"'Pleased with her!' cried the good soul; 'why, she plays magnificently, Clement. Such a touch, such brilliancy! In my young days it was only concert-players who played like that; but nowadays girls of eighteen and twenty sit down, and dash away at the keys like a professor. I think you'll be charmed with her, Clem'—(I'm afraid I blushed as my mother said this; had I not been charmed with her already?)—'when you hear her play, for she has expression as well as brilliancy.

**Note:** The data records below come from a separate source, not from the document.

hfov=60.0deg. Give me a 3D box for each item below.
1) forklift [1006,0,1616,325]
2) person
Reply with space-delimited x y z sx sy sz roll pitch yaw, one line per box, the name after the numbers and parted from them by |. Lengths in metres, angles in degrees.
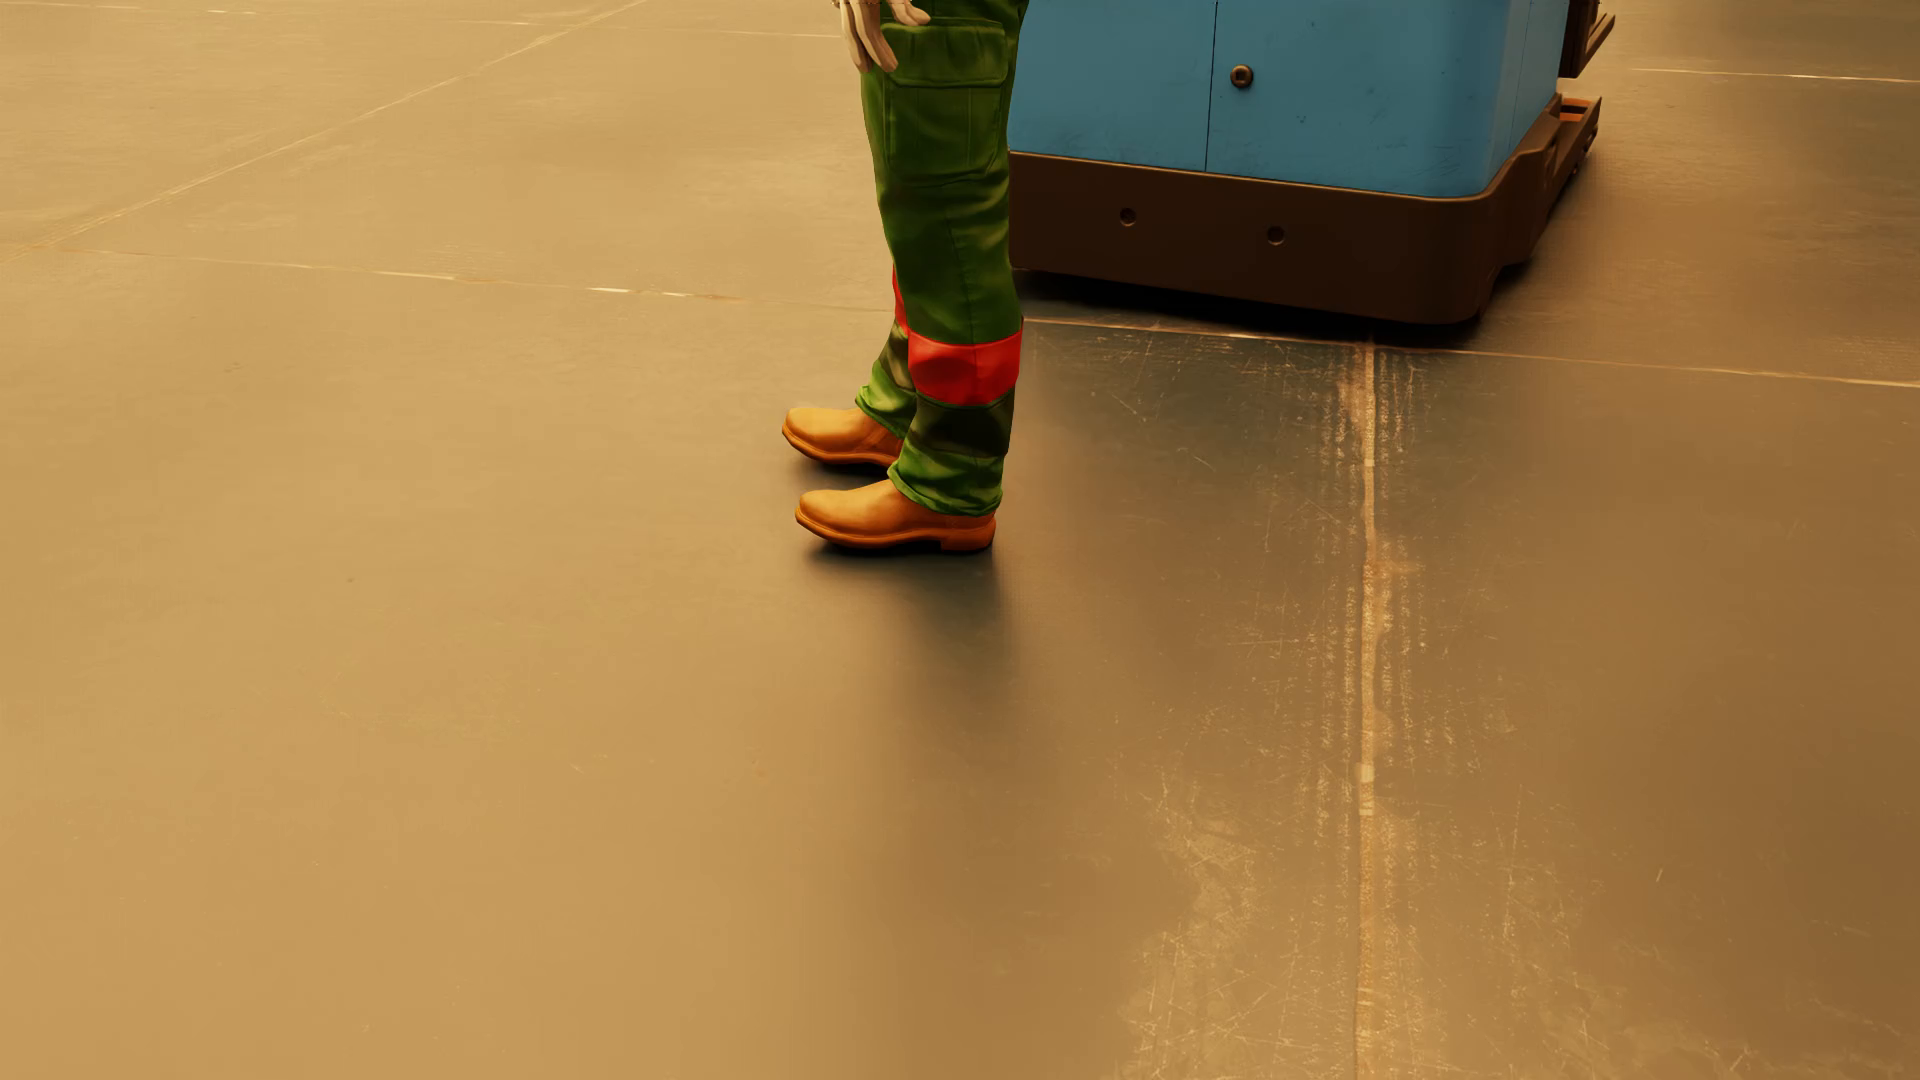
1.115 -2.353 3.909 1.130 2.935 3.031 12 29 22 | forklift
-0.077 -0.818 2.119 0.562 1.789 0.638 6 27 11 | person

She is passionately fond of music, I know; not because she went into any ridiculous sentimental raptures about it, as some girls do, but because her eyes lighted up when she told me what a happiness her piano had been to her ever since she was a child. She gave a little sigh after saying that; and I fancied, poor girl, that she had perhaps known very little other happiness.'

"'And her terms, mother?' I said.

"'Oh, you dear commercial Clem, always thinking of terms!' cried my mother.

"Heaven bless her innocent heart! I had asked that sordid question only to hide the unreasoning gladness of my heart. What was it to me that this hazel-eyed girl was engaged to teach my little niece 'Non più mesta'? what was it to me that my breast should be all of a sudden filled with a tumult of glad emotions, and thus shrink from any encounter with my mother's honest eyes?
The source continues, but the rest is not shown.